==== Records provided
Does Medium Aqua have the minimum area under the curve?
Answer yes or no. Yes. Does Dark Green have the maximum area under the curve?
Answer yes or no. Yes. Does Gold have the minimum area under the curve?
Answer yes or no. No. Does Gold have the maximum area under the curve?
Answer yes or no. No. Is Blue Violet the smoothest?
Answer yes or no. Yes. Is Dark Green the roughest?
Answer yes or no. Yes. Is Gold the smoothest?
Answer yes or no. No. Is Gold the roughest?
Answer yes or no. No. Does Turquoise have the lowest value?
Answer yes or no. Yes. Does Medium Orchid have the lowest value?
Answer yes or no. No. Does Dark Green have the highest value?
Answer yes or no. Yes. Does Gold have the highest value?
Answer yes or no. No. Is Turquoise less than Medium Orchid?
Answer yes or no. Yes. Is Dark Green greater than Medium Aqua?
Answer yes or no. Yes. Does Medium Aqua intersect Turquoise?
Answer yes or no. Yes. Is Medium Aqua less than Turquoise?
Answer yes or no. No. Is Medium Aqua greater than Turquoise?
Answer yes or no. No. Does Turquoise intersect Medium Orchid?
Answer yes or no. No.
========
What you should produce is an exact copy of the records above.

Does Medium Aqua have the minimum area under the curve?
Answer yes or no. Yes. Does Dark Green have the maximum area under the curve?
Answer yes or no. Yes. Does Gold have the minimum area under the curve?
Answer yes or no. No. Does Gold have the maximum area under the curve?
Answer yes or no. No. Is Blue Violet the smoothest?
Answer yes or no. Yes. Is Dark Green the roughest?
Answer yes or no. Yes. Is Gold the smoothest?
Answer yes or no. No. Is Gold the roughest?
Answer yes or no. No. Does Turquoise have the lowest value?
Answer yes or no. Yes. Does Medium Orchid have the lowest value?
Answer yes or no. No. Does Dark Green have the highest value?
Answer yes or no. Yes. Does Gold have the highest value?
Answer yes or no. No. Is Turquoise less than Medium Orchid?
Answer yes or no. Yes. Is Dark Green greater than Medium Aqua?
Answer yes or no. Yes. Does Medium Aqua intersect Turquoise?
Answer yes or no. Yes. Is Medium Aqua less than Turquoise?
Answer yes or no. No. Is Medium Aqua greater than Turquoise?
Answer yes or no. No. Does Turquoise intersect Medium Orchid?
Answer yes or no. No.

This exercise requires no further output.